First, the term “Asian,” for me, doesn’t accurately categorize Filipino people or culture. I think Filipino identity/culture/sensibility is more similar to “Pacific Islander,” rather than the catch-all umbrella term of “Asian”.  As a queer Filipina, I’ve had the privilege of working with a few LGBT Filipino elders since working at Openhouse. In my experience it seems that LGBT Philippine-born older immigrants identify more closely with their ethnic and cultural identity/community, rather than with their LGBT identity, regardless of the length of time they’ve lived in the US. I can’t say how it is for LGBT elders living in the Philippines, but in San Francisco Bay Area older LGBT Filipino elders are often creating community with one another around shared culture, their experience of diaspora, language (an archipelago, the Philippines comprises over 150 languages), and food. (Especially food!). The shared notion of the Philippines as “home” is a source of pride and resilience. From what I’ve seen, Filipino LGBT elders gravitate toward their Filipino peers around issues related to family, immigration, caregiving, activism, housing, and where to access culturally and linguistically responsive services and programs. Engagement with these issues and exchanging resource information helps to cultivate community among LGBT Filipino elders and their straight peers. In 1933, homosexuality was decriminalized in the Philippines and LGBT people are visible, but with varying degrees of acceptance. Based on my visits to the Philippines as an adult, acceptance is very limited and within stereotypical contexts, such as the arts, and entertainment and fashion industry. Conversely, there is also a very visible queer community of social justice activists, who seem to integrate their ethnic/cultural and LGBT identity more fluidly, and who appear to be more accepted in the progressive activist community.

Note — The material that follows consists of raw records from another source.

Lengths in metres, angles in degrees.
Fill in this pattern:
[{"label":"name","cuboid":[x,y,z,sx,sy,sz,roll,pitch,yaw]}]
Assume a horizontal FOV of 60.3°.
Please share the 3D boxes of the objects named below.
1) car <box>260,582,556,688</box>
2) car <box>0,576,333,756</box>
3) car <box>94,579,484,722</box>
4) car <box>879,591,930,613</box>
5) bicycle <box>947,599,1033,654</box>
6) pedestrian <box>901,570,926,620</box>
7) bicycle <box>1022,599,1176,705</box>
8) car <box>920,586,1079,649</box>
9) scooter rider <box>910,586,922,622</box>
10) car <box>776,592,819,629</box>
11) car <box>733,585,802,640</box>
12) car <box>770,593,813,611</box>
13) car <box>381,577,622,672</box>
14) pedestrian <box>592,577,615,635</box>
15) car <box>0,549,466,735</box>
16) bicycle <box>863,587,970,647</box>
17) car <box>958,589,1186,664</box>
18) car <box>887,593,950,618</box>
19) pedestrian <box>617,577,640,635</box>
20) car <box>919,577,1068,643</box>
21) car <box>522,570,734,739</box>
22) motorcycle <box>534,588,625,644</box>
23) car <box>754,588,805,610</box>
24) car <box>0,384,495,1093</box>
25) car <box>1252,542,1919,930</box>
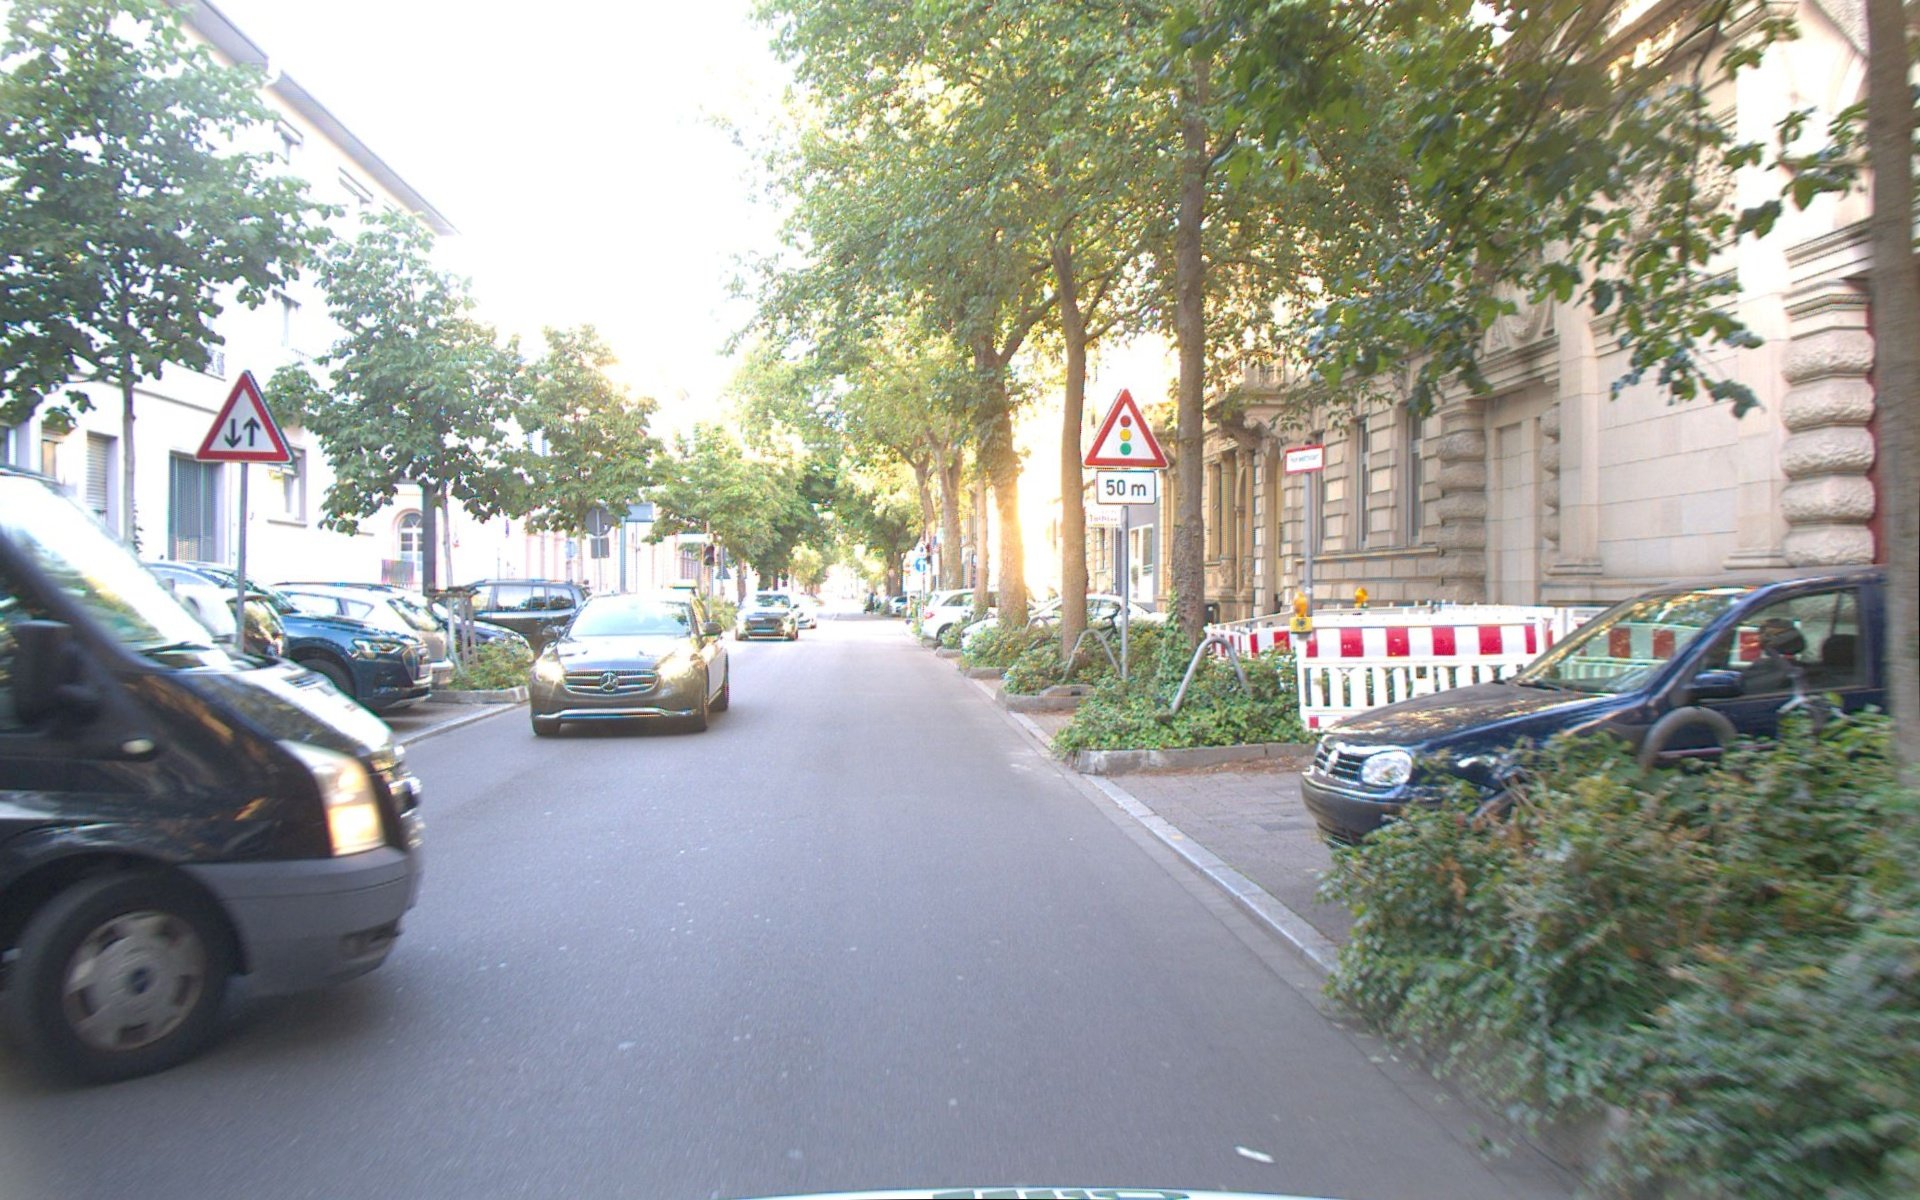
[{"label":"car","cuboid":[-8.522,0.524,25.793,3.994,1.465,1.754,2,0,-3]},{"label":"car","cuboid":[-7.946,0.551,15.051,3.769,1.476,1.853,1,1,-4]},{"label":"car","cuboid":[-8.044,0.584,20.098,3.947,1.520,1.780,2,0,-1]},{"label":"car","cuboid":[-4.385,0.157,131.172,3.936,1.651,1.779,-1,0,-5]},{"label":"bicycle","cuboid":[0.720,0.632,39.470,1.987,1.225,0.486,-2,0,-17]},{"label":"pedestrian","cuboid":[-2.069,-0.230,73.443,1.022,2.184,1.063,1,-1,-4]},{"label":"bicycle","cuboid":[1.886,0.708,22.546,2.006,1.384,0.508,1,0,-6]},{"label":"car","cuboid":[1.028,0.442,44.106,4.138,1.587,1.970,-1,1,-1]},{"label":"scooter rider","cuboid":[-2.195,0.207,82.854,0.484,1.823,0.875,0,-1,5]},{"label":"car","cuboid":[-7.216,0.448,73.849,1.840,1.576,4.271,-1,0,-5]},{"label":"car","cuboid":[-5.767,0.349,49.942,1.840,1.576,4.272,-1,0,-4]},{"label":"car","cuboid":[-20.284,0.254,199.283,4.963,2.119,2.262,0,0,-3]},{"label":"car","cuboid":[-8.587,0.447,31.249,4.011,1.660,1.935,1,0,-3]},{"label":"pedestrian","cuboid":[-11.643,0.191,53.991,0.542,1.883,0.612,0,0,11]},{"label":"car","cuboid":[-7.882,0.423,17.696,4.574,1.796,2.155,1,0,-5]},{"label":"bicycle","cuboid":[-1.270,0.489,48.303,3.055,1.692,0.657,1,0,-8]},{"label":"car","cuboid":[2.244,0.520,33.896,4.491,1.462,1.924,0,0,-2]},{"label":"car","cuboid":[-2.798,0.373,110.147,4.110,1.506,1.851,-2,0,-4]},{"label":"pedestrian","cuboid":[-10.793,0.194,53.897,0.542,1.883,0.612,0,0,10]},{"label":"car","cuboid":[1.012,0.305,51.731,4.453,1.948,1.948,-1,0,-6]},{"label":"car","cuboid":[-3.644,0.537,18.930,1.840,1.669,4.641,-1,0,-5]},{"label":"motorcycle","cuboid":[-9.839,0.415,42.770,2.103,1.444,0.968,-1,0,18]},{"label":"car","cuboid":[-17.773,-0.070,163.076,4.965,2.119,2.261,0,0,-5]},{"label":"car","cuboid":[-4.120,0.414,5.411,4.913,2.025,2.179,-2,1,-18]},{"label":"car","cuboid":[3.691,0.519,7.960,4.141,1.507,1.853,-3,0,-4]}]

Like many LGBT elders across cultures, some Filipinos are more comfortable being out than others. When I’m out in the community presenting on LGBT aging issues, I’ve been approached by older gay API men with gratitude for speaking out about the concerns of LGBT seniors as they age. However, when I invite them or other LGBT API seniors to events, they reveal their discomfort with being out in LGBT community. Recently, I spoke with an out gay Chinese senior about participating in an anonymous survey on the service needs of LGBT seniors in San Francisco. He agreed to take the survey and to share with a group of older LGBT API men he meets with on a regular basis. Later when I asked him about the survey, he said that the ten API men he approached did not feel comfortable sharing details about their service needs, even when they understood their responses would be anonymous. He reiterated, “They just don’t feel comfortable.”

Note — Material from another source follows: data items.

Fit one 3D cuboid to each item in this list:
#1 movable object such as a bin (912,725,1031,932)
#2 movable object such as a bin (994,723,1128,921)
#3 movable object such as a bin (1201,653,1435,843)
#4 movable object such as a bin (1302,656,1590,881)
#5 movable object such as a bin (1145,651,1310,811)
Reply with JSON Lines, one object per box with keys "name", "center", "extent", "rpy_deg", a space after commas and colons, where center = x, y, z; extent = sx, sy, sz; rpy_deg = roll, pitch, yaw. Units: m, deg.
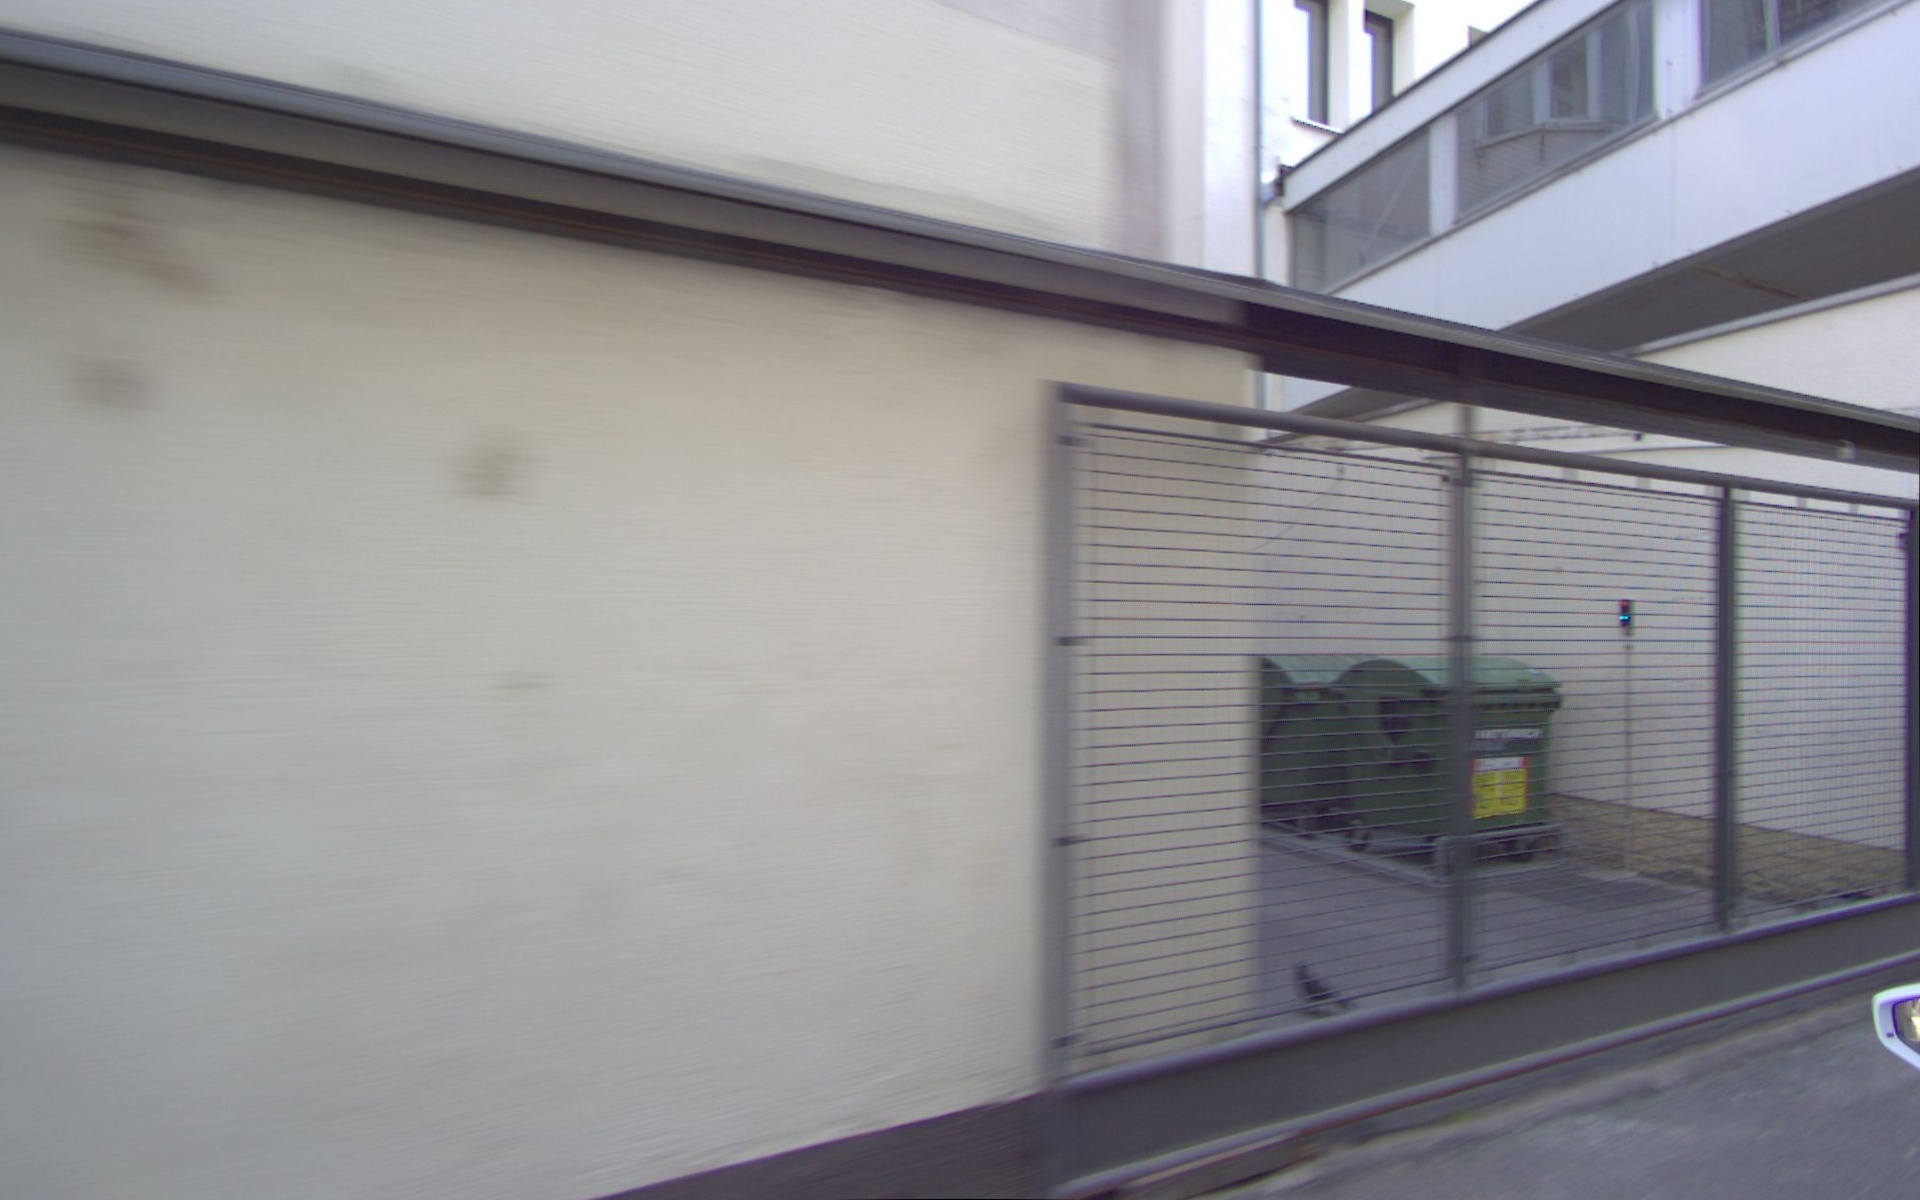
{"name": "movable object such as a bin", "center": [0.063, 1.278, 5.792], "extent": [0.518, 1.061, 0.505], "rpy_deg": [1, -3, -26]}
{"name": "movable object such as a bin", "center": [0.607, 1.312, 6.128], "extent": [0.600, 1.061, 0.592], "rpy_deg": [1, -3, -26]}
{"name": "movable object such as a bin", "center": [3.017, 1.179, 8.529], "extent": [1.567, 1.443, 1.069], "rpy_deg": [1, -3, -24]}
{"name": "movable object such as a bin", "center": [3.545, 1.141, 7.397], "extent": [1.567, 1.443, 1.178], "rpy_deg": [1, -3, -24]}
{"name": "movable object such as a bin", "center": [2.597, 1.225, 9.855], "extent": [1.156, 1.443, 1.069], "rpy_deg": [1, -3, -24]}

Research shows that LGBT elders are at a higher risk for social isolation, and this is extremely layered for LGBT Filipino seniors, which depending on their age, may relate to Filipino and LGBT communities differently. For example, an older Filipino gay man in his early 70’s whose partner of 30 years recently passed away, just discovered Openhouse. When I asked him why he and his partner hadn’t participated before, his response was, “We had each other and kept to ourselves. Now that he’s gone, I realize that I need to keep healthy by forcing myself to make connections with more people.” He shared that he’s more comfortable being out now as a single gay man, than he was when he was with his partner.  Filipina lesbians in their early 60’s that I’ve known seem to be well-situated in intergenerational lesbian community. A 61-year-old Filipina lesbian once told me, “As a cancer survivor, I’m not interested in sitting around with old Pinays (Filipinas) talking about my aches and pains! I love hanging out with younger Pinay lesbians, they keep me young!”

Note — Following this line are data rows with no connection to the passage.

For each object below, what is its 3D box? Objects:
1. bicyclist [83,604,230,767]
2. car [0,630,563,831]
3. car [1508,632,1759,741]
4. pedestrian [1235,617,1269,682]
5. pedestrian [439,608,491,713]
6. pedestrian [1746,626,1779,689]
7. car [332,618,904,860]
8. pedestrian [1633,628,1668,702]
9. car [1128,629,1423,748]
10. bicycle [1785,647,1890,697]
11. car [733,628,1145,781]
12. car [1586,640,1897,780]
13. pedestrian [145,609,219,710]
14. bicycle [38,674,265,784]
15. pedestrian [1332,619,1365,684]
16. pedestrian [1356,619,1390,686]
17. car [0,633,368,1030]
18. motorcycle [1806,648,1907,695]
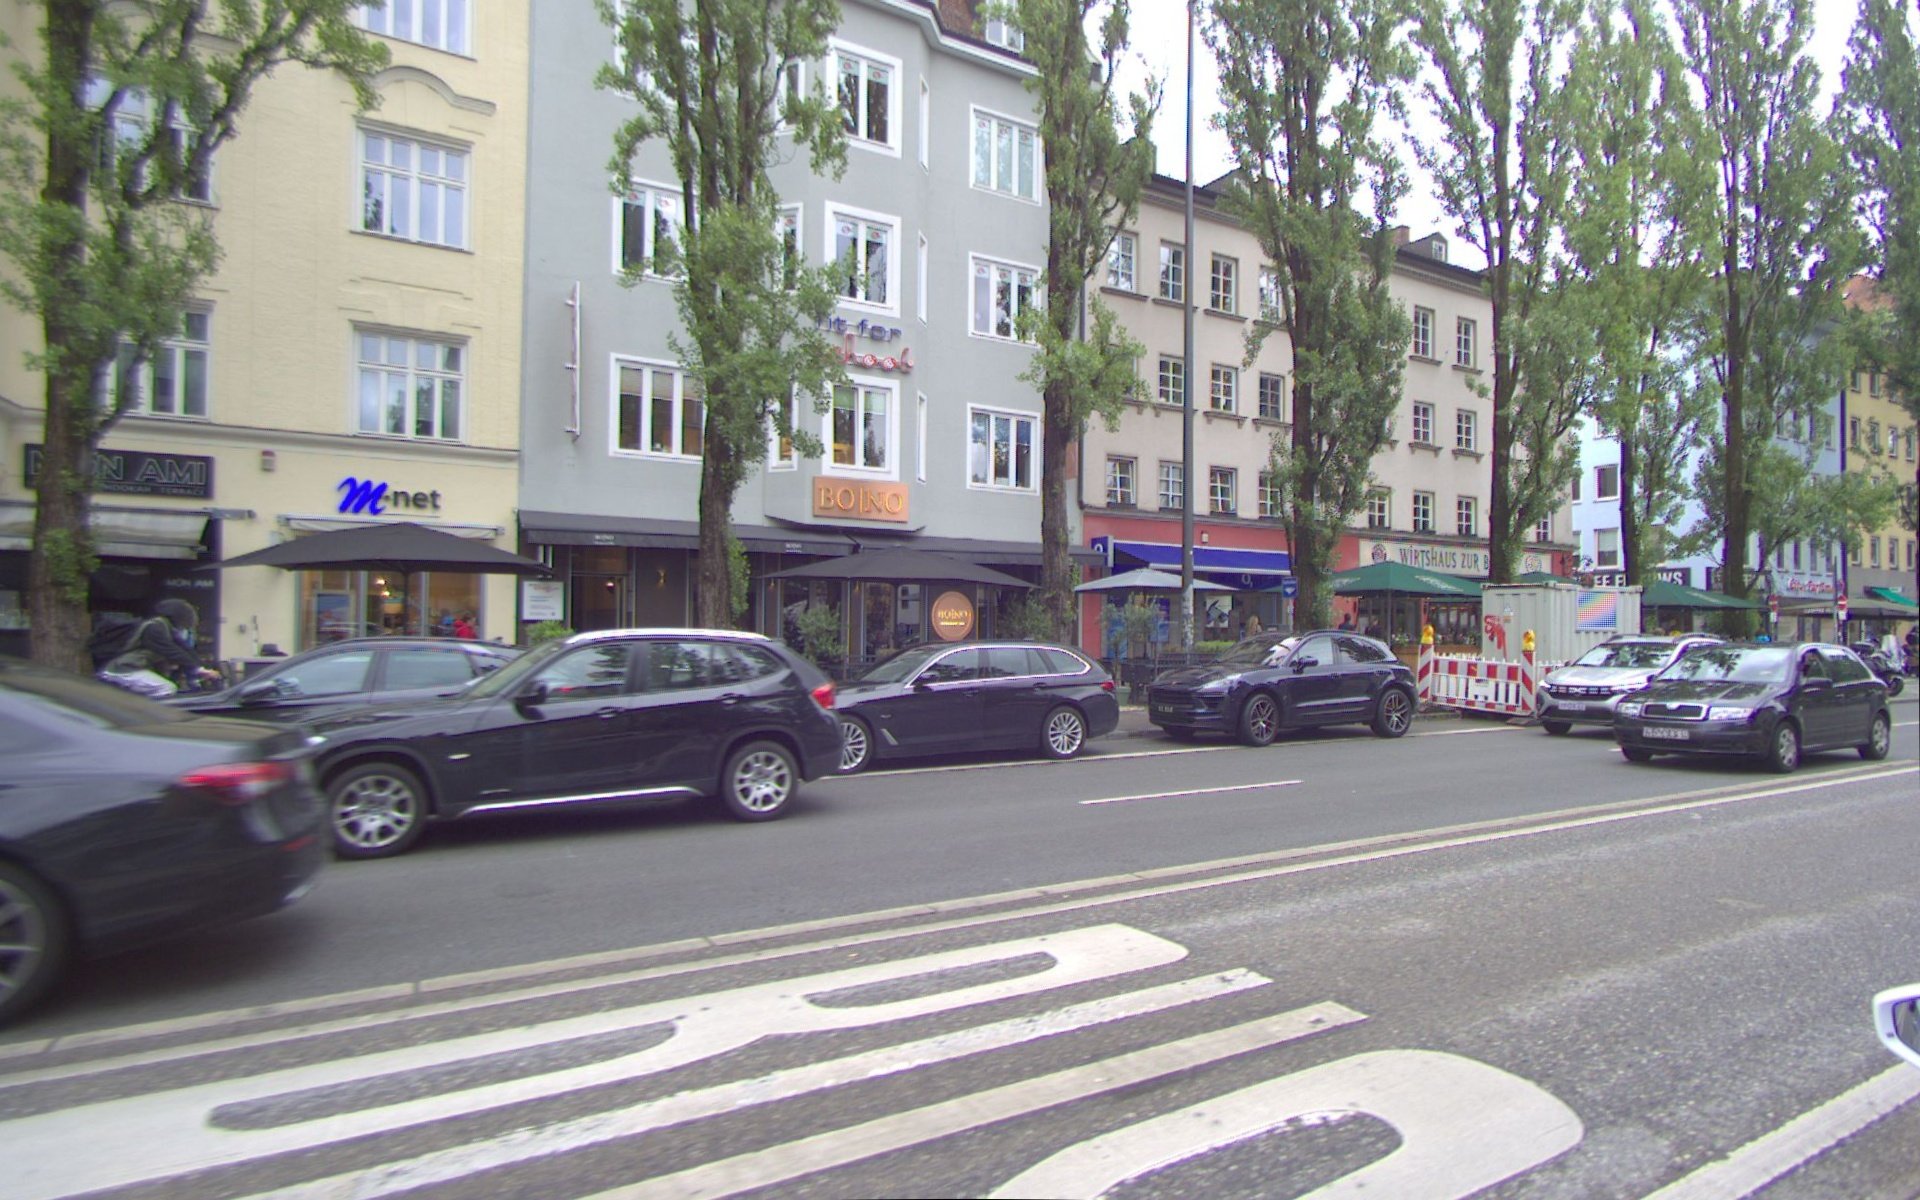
[{"bbox_3d":[-8.284,0.857,10.401,1.094,1.601,0.494,1,-2,-31],"label":"bicyclist"},{"bbox_3d":[-6.064,1.048,9.274,4.267,1.502,1.985,1,-3,-29],"label":"car"},{"bbox_3d":[10.812,1.343,16.091,3.954,1.552,1.817,2,-3,-31],"label":"car"},{"bbox_3d":[7.908,1.342,27.192,0.640,1.722,0.635,1,-2,-30],"label":"pedestrian"},{"bbox_3d":[-8.628,1.040,17.506,0.746,1.770,0.536,1,-1,-30],"label":"pedestrian"},{"bbox_3d":[23.926,1.703,29.932,0.658,1.811,0.825,1,-1,45],"label":"pedestrian"},{"bbox_3d":[-2.743,1.019,8.456,4.162,1.585,1.840,2,-3,-30],"label":"car"},{"bbox_3d":[16.376,1.530,23.809,0.568,1.724,0.478,1,-2,-30],"label":"pedestrian"},{"bbox_3d":[4.850,1.252,15.348,4.278,1.585,1.841,1,-2,-28],"label":"car"},{"bbox_3d":[21.907,1.777,25.109,0.667,1.152,1.847,1,-2,-33],"label":"bicycle"},{"bbox_3d":[-0.211,1.182,12.641,4.830,1.617,1.986,1,-3,-28],"label":"car"},{"bbox_3d":[9.403,1.199,12.055,3.679,1.432,1.704,1,-2,-30],"label":"car"},{"bbox_3d":[-12.496,0.947,16.152,0.806,1.582,0.631,1,-2,-28],"label":"pedestrian"},{"bbox_3d":[-8.278,1.295,10.383,1.747,1.020,0.506,1,-2,-31],"label":"bicycle"},{"bbox_3d":[11.372,1.495,29.422,0.640,1.886,0.635,1,-2,-30],"label":"pedestrian"},{"bbox_3d":[11.873,1.500,28.854,0.640,1.886,0.635,1,-2,-30],"label":"pedestrian"},{"bbox_3d":[-5.085,0.867,3.920,4.715,1.450,1.985,1,-3,-30],"label":"car"},{"bbox_3d":[23.328,1.842,26.172,0.667,1.152,1.847,1,-2,-33],"label":"motorcycle"}]

As someone who lives at the intersections of Filipino (Pinay), queer, immigrant, and femme identities, I often feel that I have to choose which one is most salient, depending on the moment and context. My hope for our LGBT API elders (as well as myself), is that we can create a community that affirms and makes visible the plurality of identities we each embody so that we can bring our full, integrated selves wherever we go.